_Supplied material_
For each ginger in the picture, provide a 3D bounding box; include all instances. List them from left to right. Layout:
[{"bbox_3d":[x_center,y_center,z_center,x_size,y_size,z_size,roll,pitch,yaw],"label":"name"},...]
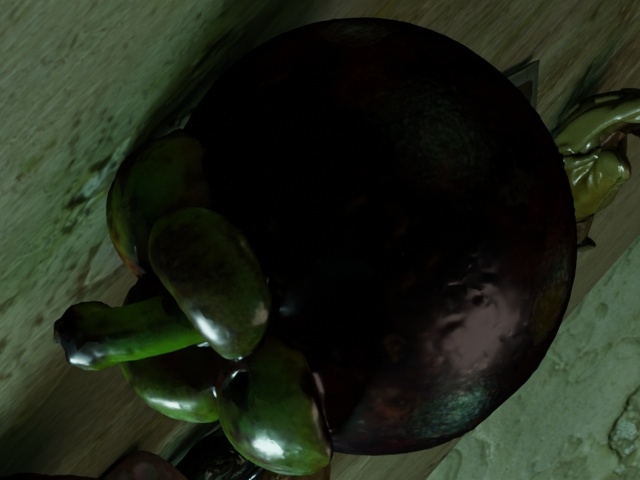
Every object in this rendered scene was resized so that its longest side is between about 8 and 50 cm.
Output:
[{"bbox_3d":[-0.030,0.297,2.441,0.095,0.069,0.190,-23,168,2],"label":"ginger"}]

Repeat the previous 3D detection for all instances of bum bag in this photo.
[{"bbox_3d":[-0.090,0.219,2.006,0.102,0.069,0.248,-14,-167,36],"label":"bum bag"}]

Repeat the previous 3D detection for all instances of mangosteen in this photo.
[{"bbox_3d":[0.014,0.003,1.288,0.311,0.311,0.311,-46,167,-14],"label":"mangosteen"}]

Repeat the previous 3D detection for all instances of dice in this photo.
[{"bbox_3d":[-0.162,0.255,1.812,0.091,0.093,0.094,-44,166,-26],"label":"dice"}]

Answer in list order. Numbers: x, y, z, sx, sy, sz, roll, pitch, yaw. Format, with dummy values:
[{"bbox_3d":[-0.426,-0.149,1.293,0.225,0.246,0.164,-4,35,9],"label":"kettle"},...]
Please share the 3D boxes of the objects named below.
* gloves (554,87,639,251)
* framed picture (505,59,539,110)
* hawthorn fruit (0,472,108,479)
[{"bbox_3d":[0.351,-0.106,2.420,0.154,0.141,0.331,-11,158,-29],"label":"gloves"},{"bbox_3d":[0.160,-0.018,1.999,0.231,0.018,0.293,-30,127,-55],"label":"framed picture"},{"bbox_3d":[-0.183,0.313,1.498,0.316,0.316,0.316,-46,167,-14],"label":"hawthorn fruit"}]
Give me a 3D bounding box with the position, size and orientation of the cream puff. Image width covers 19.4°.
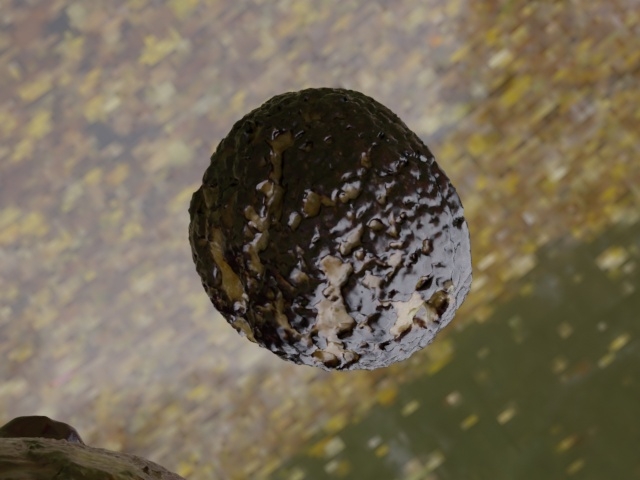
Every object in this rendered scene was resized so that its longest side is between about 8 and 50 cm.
[{"bbox_3d":[0.000,0.000,1.473,0.165,0.239,0.239,-33,160,-31],"label":"cream puff"}]

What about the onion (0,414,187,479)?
[{"bbox_3d":[-0.280,0.371,1.646,0.398,0.398,0.420,-10,112,-50],"label":"onion"}]
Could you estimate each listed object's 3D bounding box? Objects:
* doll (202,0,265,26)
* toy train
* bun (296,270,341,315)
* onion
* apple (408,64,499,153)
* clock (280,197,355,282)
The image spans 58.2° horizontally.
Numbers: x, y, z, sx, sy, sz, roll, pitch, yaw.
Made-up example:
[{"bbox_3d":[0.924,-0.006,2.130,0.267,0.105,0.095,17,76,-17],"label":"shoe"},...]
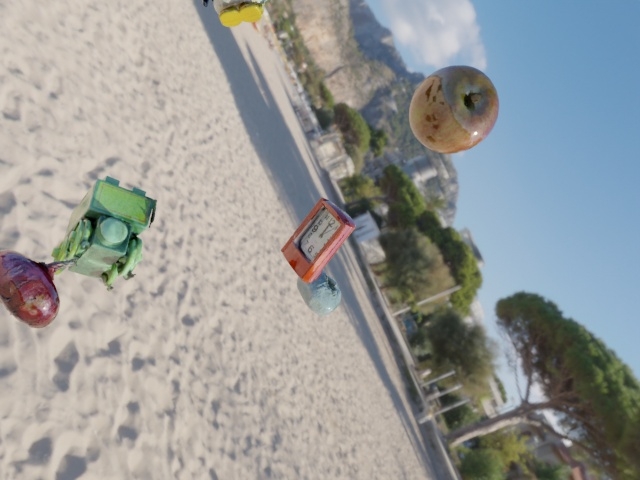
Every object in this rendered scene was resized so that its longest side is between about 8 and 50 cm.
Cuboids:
[{"bbox_3d":[-0.191,-0.624,1.250,0.141,0.177,0.313,46,34,-76],"label":"doll"},{"bbox_3d":[-0.474,-0.009,1.250,0.159,0.272,0.188,22,61,-29],"label":"toy train"},{"bbox_3d":[0.000,0.129,1.547,0.141,0.083,0.140,41,24,-23],"label":"bun"},{"bbox_3d":[-0.481,0.067,0.986,0.150,0.140,0.150,41,-29,29],"label":"onion"},{"bbox_3d":[0.288,-0.284,1.262,0.188,0.188,0.174,65,-23,-4],"label":"apple"},{"bbox_3d":[0.000,0.000,1.189,0.061,0.155,0.113,25,18,-40],"label":"clock"}]
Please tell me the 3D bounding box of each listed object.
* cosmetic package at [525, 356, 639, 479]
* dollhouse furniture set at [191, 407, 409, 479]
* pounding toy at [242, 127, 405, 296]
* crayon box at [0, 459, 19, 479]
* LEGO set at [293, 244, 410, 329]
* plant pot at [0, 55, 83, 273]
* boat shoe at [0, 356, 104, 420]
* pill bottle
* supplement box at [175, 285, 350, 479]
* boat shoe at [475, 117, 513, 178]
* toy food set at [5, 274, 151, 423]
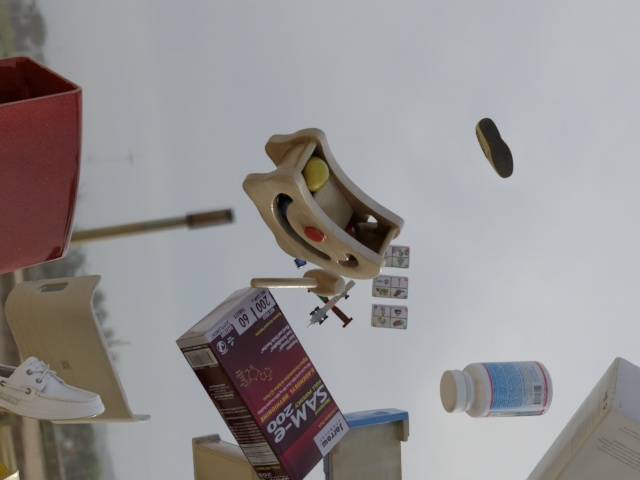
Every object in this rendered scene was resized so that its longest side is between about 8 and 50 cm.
[{"bbox_3d":[0.505,0.408,1.865,0.365,0.197,0.155,-63,178,36],"label":"cosmetic package"},{"bbox_3d":[-0.013,0.409,1.653,0.198,0.303,0.286,0,-86,58],"label":"dollhouse furniture set"},{"bbox_3d":[0.000,0.000,1.341,0.155,0.154,0.269,-62,144,-26],"label":"pounding toy"},{"bbox_3d":[-0.539,0.434,1.555,0.083,0.203,0.323,45,-34,23],"label":"crayon box"},{"bbox_3d":[0.063,0.096,2.253,0.060,0.244,0.182,112,-19,-76],"label":"LEGO set"},{"bbox_3d":[-0.464,-0.088,1.412,0.267,0.267,0.235,31,-50,55],"label":"plant pot"},{"bbox_3d":[-0.509,0.252,1.868,0.098,0.277,0.096,-7,103,-77],"label":"boat shoe"},{"bbox_3d":[0.271,0.231,1.656,0.087,0.160,0.087,-179,-90,-73],"label":"pill bottle"},{"bbox_3d":[-0.073,0.193,1.416,0.073,0.130,0.239,-16,-71,47],"label":"supplement box"},{"bbox_3d":[0.367,-0.194,2.256,0.045,0.050,0.135,162,-93,-77],"label":"boat shoe"},{"bbox_3d":[-0.458,0.216,2.043,0.092,0.220,0.306,-43,122,-54],"label":"toy food set"}]
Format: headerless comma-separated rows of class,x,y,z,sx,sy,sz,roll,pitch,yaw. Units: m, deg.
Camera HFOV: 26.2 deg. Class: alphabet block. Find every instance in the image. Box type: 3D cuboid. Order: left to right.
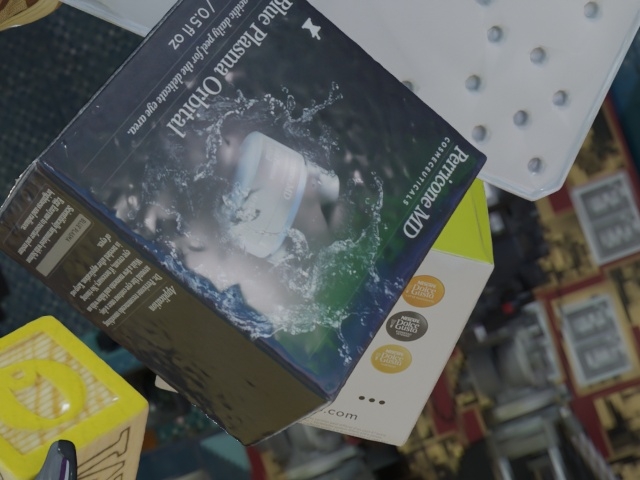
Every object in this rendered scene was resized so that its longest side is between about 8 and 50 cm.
alphabet block,-0.338,0.242,1.602,0.193,0.192,0.197,-31,-31,-41

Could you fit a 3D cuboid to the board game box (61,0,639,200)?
board game box,0.041,-0.266,0.745,0.390,0.390,0.050,21,9,-20

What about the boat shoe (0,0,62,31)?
boat shoe,-0.466,-0.274,1.676,0.342,0.123,0.123,-18,-4,29

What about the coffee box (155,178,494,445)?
coffee box,0.000,0.000,1.769,0.337,0.338,0.334,14,-51,-10

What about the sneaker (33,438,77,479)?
sneaker,-0.314,0.312,1.424,0.098,0.224,0.083,12,-7,-11

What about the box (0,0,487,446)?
box,-0.035,-0.021,0.623,0.156,0.158,0.093,-55,10,-32
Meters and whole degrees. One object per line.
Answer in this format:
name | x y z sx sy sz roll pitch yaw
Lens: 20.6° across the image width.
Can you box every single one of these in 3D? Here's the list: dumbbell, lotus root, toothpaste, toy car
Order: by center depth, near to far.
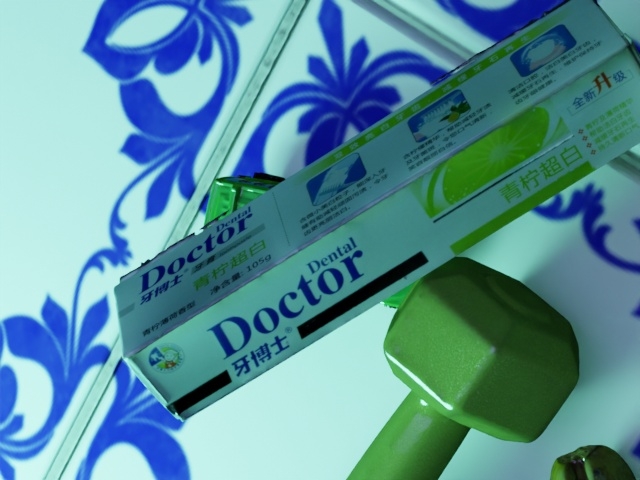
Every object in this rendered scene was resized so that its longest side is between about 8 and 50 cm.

_What to do_
Tally how many lines in the material above hold the word "width". Write only that number.

_Result of this exercise_
2